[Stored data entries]
____

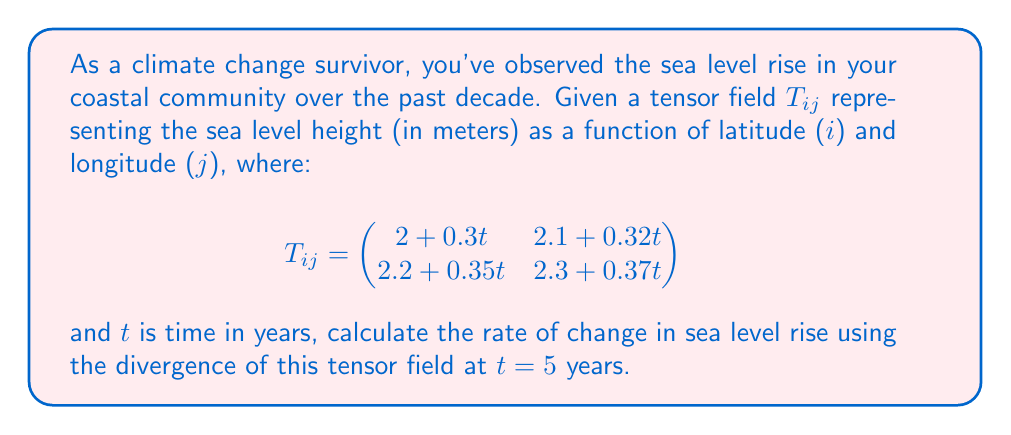Can you answer this question? To solve this problem, we'll follow these steps:

1) The divergence of a tensor field in 2D is given by:

   $$\text{div}(T) = \frac{\partial T_{11}}{\partial x} + \frac{\partial T_{22}}{\partial y}$$

2) In our case, $T_{11} = 2 + 0.3t$ and $T_{22} = 2.3 + 0.37t$

3) We need to find $\frac{\partial T_{11}}{\partial x}$ and $\frac{\partial T_{22}}{\partial y}$:

   $\frac{\partial T_{11}}{\partial x} = 0.3$ (with respect to time)
   $\frac{\partial T_{22}}{\partial y} = 0.37$ (with respect to time)

4) Now, we can calculate the divergence:

   $$\text{div}(T) = 0.3 + 0.37 = 0.67$$

5) This divergence represents the rate of change in sea level rise in meters per year.

6) The question asks for the rate at $t = 5$ years, but since our result is constant with respect to time, the answer is the same for all $t$.
Answer: 0.67 m/year

____

## Action item:
From the entries above, write out only the lines starting at the line that holds "2.3 + 0.37t$" and ending at the line that holds "4) Now, we can", keeping both and matching them exactly.

## Exercise solution:
2) In our case, $T_{11} = 2 + 0.3t$ and $T_{22} = 2.3 + 0.37t$

3) We need to find $\frac{\partial T_{11}}{\partial x}$ and $\frac{\partial T_{22}}{\partial y}$:

   $\frac{\partial T_{11}}{\partial x} = 0.3$ (with respect to time)
   $\frac{\partial T_{22}}{\partial y} = 0.37$ (with respect to time)

4) Now, we can calculate the divergence:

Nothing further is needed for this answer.